Just few years back, internet searches were difficult to master. Users had to search using combinations of keywords and shift through multiple online resources to find what they were looking for. Today, thanks to indexing and super-fast searches, the probability of getting accurate results in fraction of seconds is almost 100%.
Industrial uses of Big Data include analyzing the behavior of several machine parts to predict failures, forecast replacements, schedule and synchronize replacements, and automatically order new parts using cloud-based ERP systems. This is how new data-driven systems help eliminate unplanned downtime and streamline supply chain processes.
Social media, has grown almost exclusively on the edge offered through Big Data analytics. The “always on” platforms continuously monitor and record individual connections, preferences, places of interests, priorities etc. The social graph data is stored in different storage tiers (memory, solid-state drives, and magnetic media and others), transformed and then mined with complex mathematical algorithms. The machines then predict individual behavior/decisions in a given environment, which help companies to push personalized advertisements and generate revenue.

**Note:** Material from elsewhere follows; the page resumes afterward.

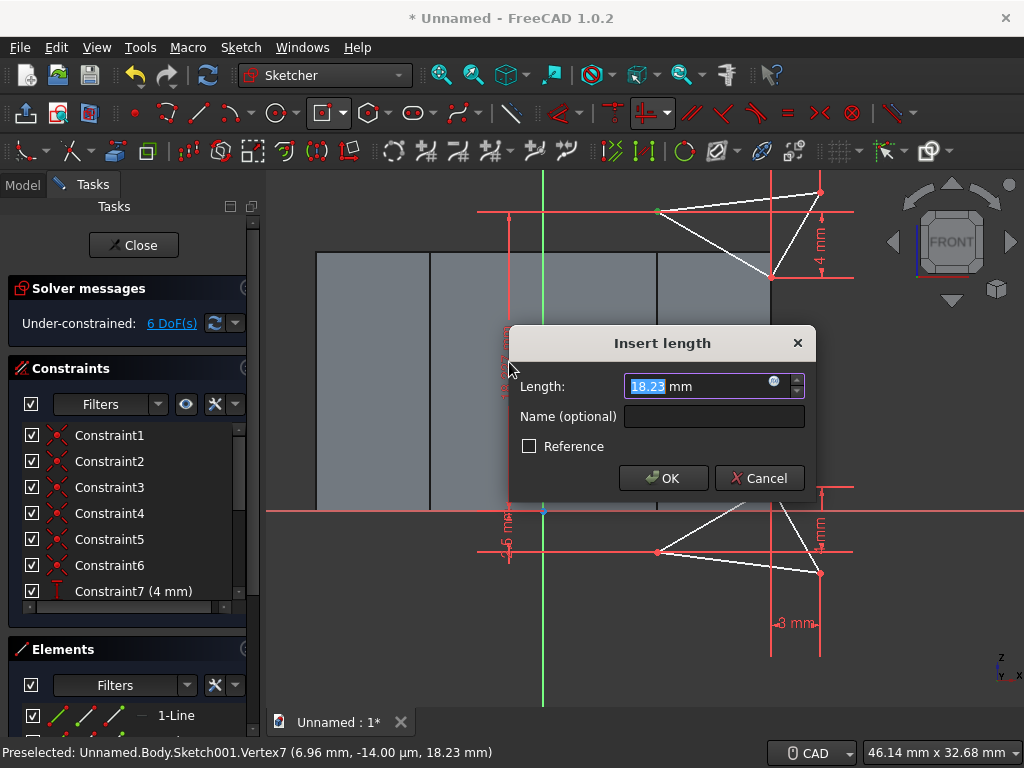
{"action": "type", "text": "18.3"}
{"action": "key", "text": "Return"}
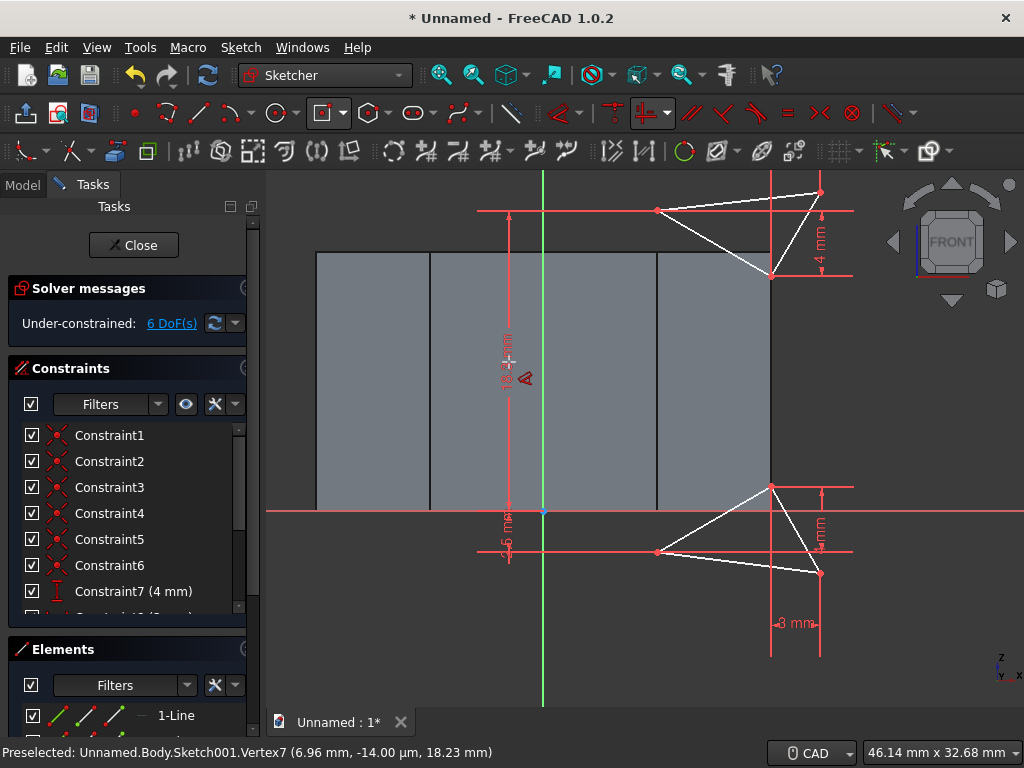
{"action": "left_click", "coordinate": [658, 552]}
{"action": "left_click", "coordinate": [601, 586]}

By 2026, the big data market is expected to top $92 billion. That’s a 307.8% increase over the $22.61 billion the market was worth in 2015.
The healthcare analytics market is projected to reach $24.6 billion by 2021. That’s a 187% increase from the $7.39 billion it was in 2016. And it represents a compound annual growth rate of 27.1%.
The uses of Big Data are virtually unlimited. From smart cities to international financial markets, to medical and pharma research, to agriculture and social innovations, the journey has just begun. In the world of data, significant changes are happening — some are obvious while others are below the surface. We’re only just starting to see how revolutionary big data can be, and as it truly takes off, we can expect even more changes on the horizon.
The ever changing landscape of ‘Digital’ today has led to mind-boggling amounts of data. The application surge, growth of e-commerce, virtually unlimited sources of unstructured data, a rise in merger & acquisition activity, increased collaboration, and the drive to harness information as a competitive catalyst for growth and innovation is driving enterprises to higher levels of consciousness about how data is managed at its most basic level. The effect of the e-commerce surge, a rise in merger & acquisition activity, increased collaboration, and the drive to harness information as a competitive catalyst towards both growth and innovation is driving enterprises to higher levels of consciousness about how data is managed at its most basic level. The top level strategy is often focused at bottom level data usage.